======== Records for the task
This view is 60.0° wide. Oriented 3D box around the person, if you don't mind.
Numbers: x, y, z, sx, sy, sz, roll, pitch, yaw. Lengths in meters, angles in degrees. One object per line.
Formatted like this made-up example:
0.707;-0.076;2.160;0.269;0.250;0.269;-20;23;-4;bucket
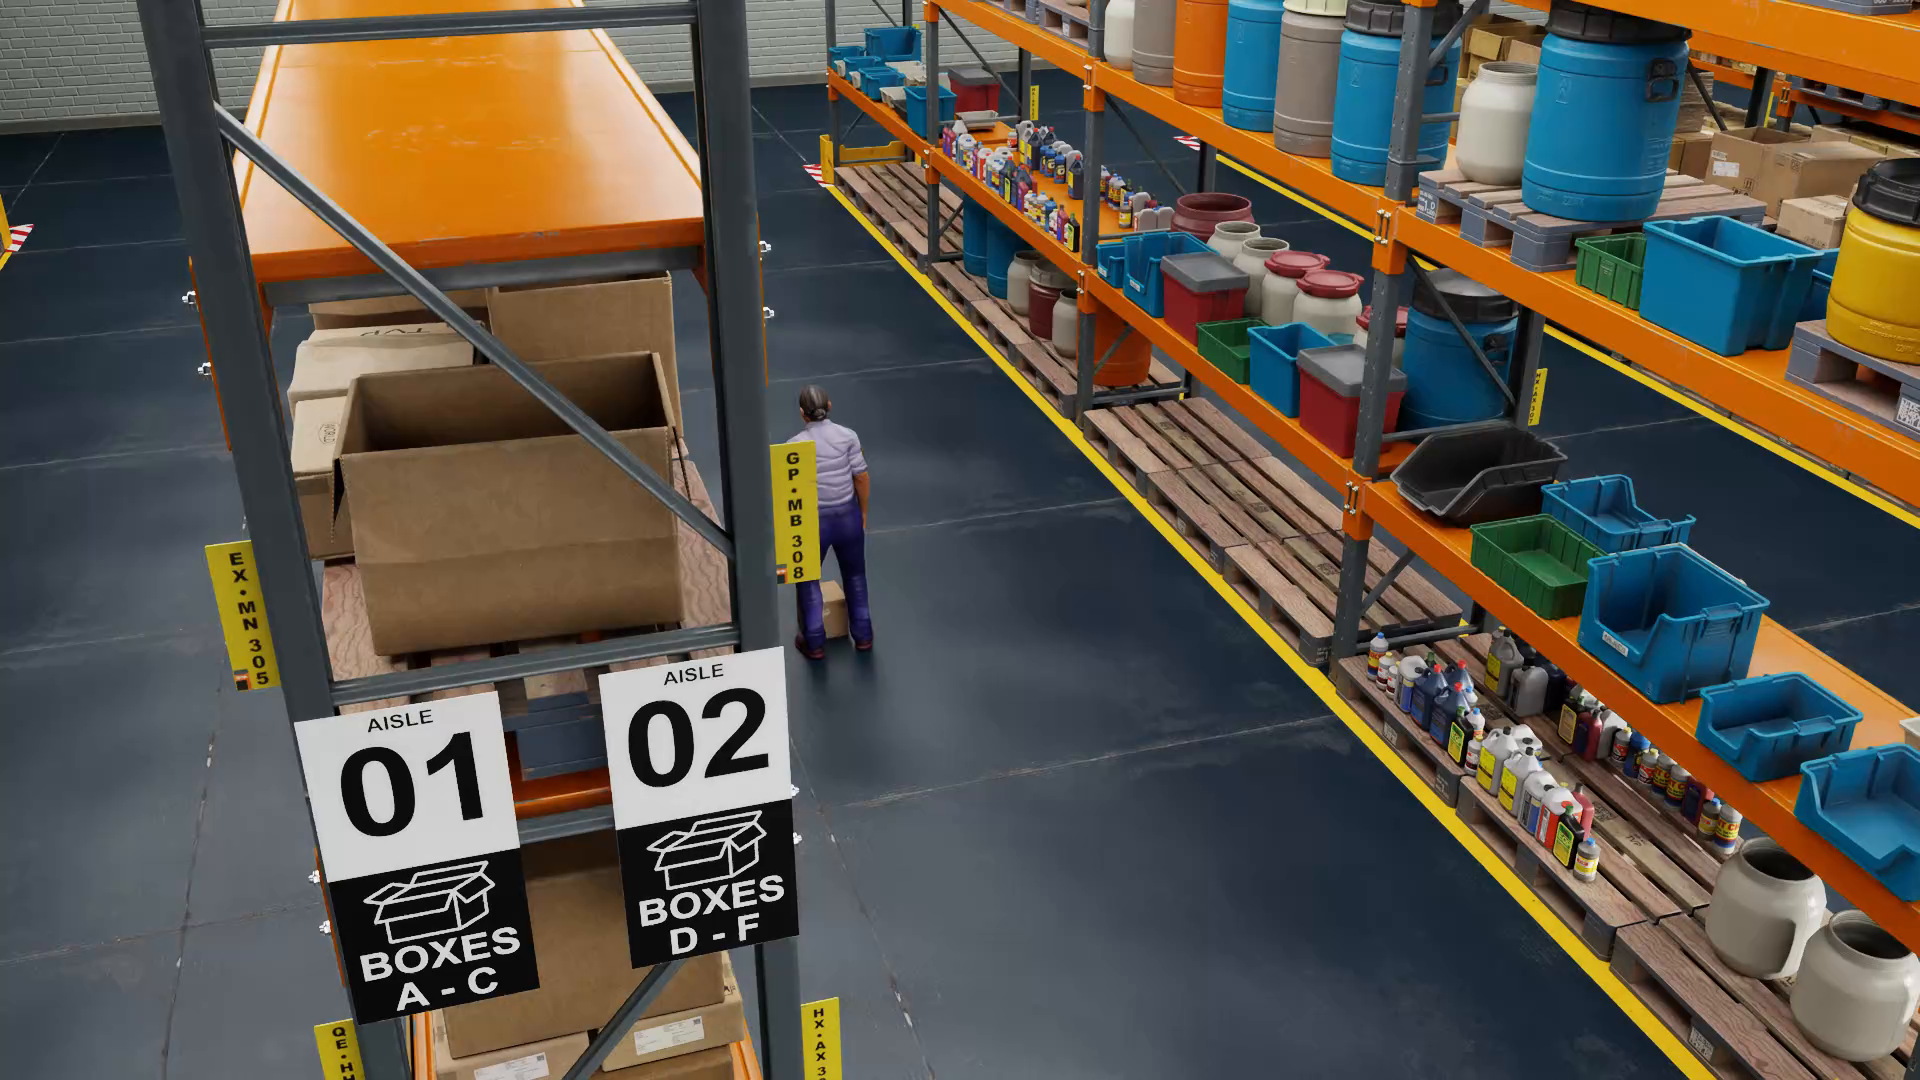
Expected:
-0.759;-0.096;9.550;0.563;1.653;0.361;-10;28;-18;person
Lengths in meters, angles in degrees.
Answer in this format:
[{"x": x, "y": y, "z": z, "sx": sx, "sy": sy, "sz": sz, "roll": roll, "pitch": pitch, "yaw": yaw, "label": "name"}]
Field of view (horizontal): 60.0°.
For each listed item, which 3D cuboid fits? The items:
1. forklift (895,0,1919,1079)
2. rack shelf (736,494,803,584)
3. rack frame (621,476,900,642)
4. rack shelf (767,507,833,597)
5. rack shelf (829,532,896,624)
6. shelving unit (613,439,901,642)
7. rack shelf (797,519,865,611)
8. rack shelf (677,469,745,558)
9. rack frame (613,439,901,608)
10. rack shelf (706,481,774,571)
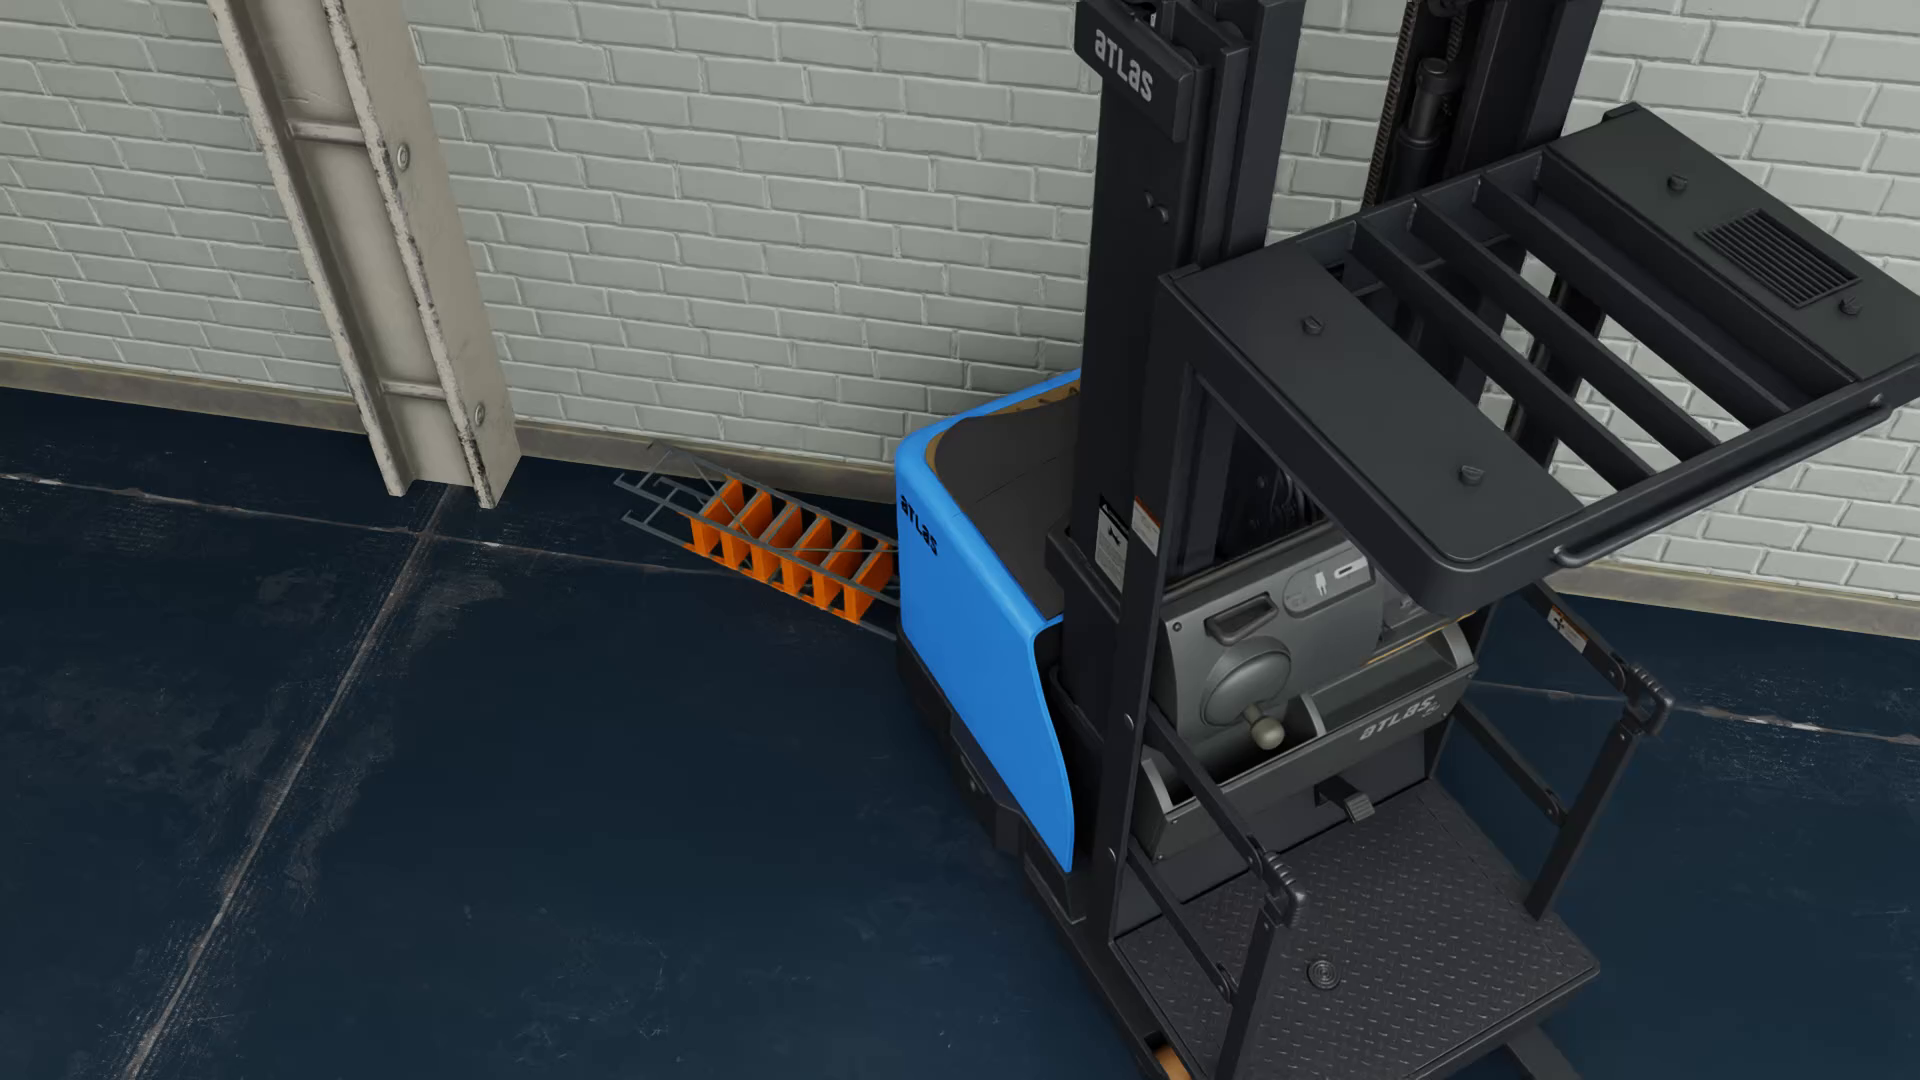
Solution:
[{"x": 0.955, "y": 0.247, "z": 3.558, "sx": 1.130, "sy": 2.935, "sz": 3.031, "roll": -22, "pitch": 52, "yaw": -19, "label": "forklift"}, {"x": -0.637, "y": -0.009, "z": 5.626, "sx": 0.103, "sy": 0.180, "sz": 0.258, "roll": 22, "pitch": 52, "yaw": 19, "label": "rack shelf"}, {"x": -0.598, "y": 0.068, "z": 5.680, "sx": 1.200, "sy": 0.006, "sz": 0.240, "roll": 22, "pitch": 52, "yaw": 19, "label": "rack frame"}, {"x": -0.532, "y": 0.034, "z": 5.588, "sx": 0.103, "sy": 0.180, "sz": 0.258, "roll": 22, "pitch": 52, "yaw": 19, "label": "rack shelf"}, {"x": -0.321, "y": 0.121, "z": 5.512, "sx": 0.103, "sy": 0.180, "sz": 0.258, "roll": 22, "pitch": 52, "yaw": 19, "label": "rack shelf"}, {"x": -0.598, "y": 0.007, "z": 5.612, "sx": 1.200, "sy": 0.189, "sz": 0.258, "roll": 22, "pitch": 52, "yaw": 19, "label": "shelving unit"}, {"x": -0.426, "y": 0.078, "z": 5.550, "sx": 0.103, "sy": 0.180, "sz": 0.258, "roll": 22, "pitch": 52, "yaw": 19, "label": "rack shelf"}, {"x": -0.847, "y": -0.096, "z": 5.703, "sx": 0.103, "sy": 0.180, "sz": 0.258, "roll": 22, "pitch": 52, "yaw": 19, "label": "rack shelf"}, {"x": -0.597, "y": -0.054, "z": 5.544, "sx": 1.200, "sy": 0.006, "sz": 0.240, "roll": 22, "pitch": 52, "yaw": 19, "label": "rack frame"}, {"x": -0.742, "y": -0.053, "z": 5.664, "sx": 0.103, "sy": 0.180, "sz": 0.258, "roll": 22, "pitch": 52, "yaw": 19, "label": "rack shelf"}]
================
======== Records for the task
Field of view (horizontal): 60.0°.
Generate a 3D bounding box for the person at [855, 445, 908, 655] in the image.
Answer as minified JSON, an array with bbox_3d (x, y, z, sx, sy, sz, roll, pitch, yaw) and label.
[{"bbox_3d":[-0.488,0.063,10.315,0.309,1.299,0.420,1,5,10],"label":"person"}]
================
======== Records for the task
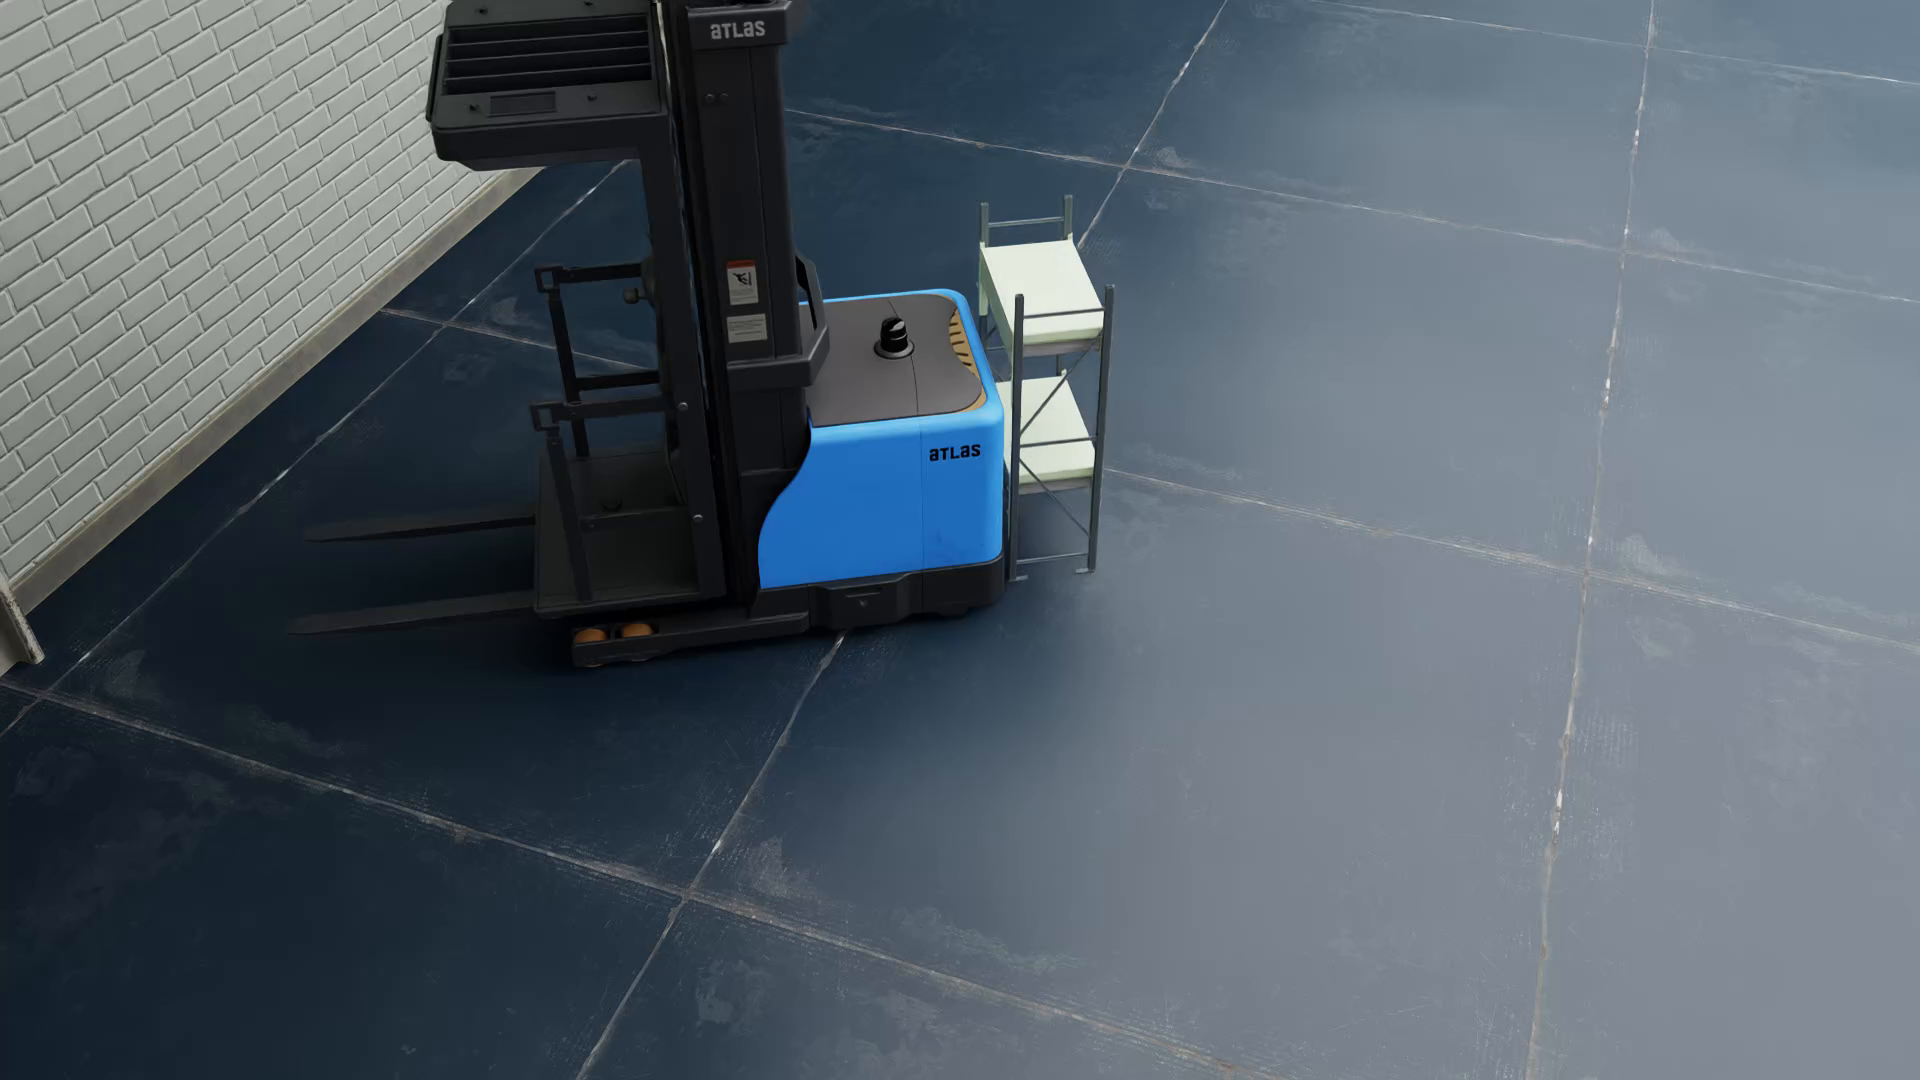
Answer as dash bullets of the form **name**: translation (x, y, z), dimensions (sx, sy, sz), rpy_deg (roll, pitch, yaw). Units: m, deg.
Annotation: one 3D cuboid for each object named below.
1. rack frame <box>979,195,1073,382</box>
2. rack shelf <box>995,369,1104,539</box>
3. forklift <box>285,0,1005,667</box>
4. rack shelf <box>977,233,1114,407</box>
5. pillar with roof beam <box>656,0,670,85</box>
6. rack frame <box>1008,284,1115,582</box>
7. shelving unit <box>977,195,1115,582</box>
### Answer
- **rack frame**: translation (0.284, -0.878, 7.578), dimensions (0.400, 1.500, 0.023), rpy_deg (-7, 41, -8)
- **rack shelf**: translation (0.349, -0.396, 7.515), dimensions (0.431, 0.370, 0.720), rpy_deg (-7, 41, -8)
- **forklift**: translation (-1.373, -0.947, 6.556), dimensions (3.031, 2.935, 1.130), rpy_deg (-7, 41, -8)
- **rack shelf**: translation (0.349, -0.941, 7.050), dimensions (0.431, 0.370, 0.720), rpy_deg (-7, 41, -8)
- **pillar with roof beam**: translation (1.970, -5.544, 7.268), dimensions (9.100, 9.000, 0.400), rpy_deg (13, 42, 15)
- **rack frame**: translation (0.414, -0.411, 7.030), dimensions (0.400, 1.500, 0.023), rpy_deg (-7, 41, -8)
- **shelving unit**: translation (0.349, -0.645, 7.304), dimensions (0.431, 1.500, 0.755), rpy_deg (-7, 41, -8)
================
- Task brief -
Once the line with "0.707;-0.076;2.160;0.269;0.250;0.269;-20;23;-4;bucket" is found above, transcribe each line from it through the line with "Answer in this", exactly, and omit the pictures.

- Task answer -
0.707;-0.076;2.160;0.269;0.250;0.269;-20;23;-4;bucket
Expected:
-0.759;-0.096;9.550;0.563;1.653;0.361;-10;28;-18;person
Lengths in meters, angles in degrees.
Answer in this format:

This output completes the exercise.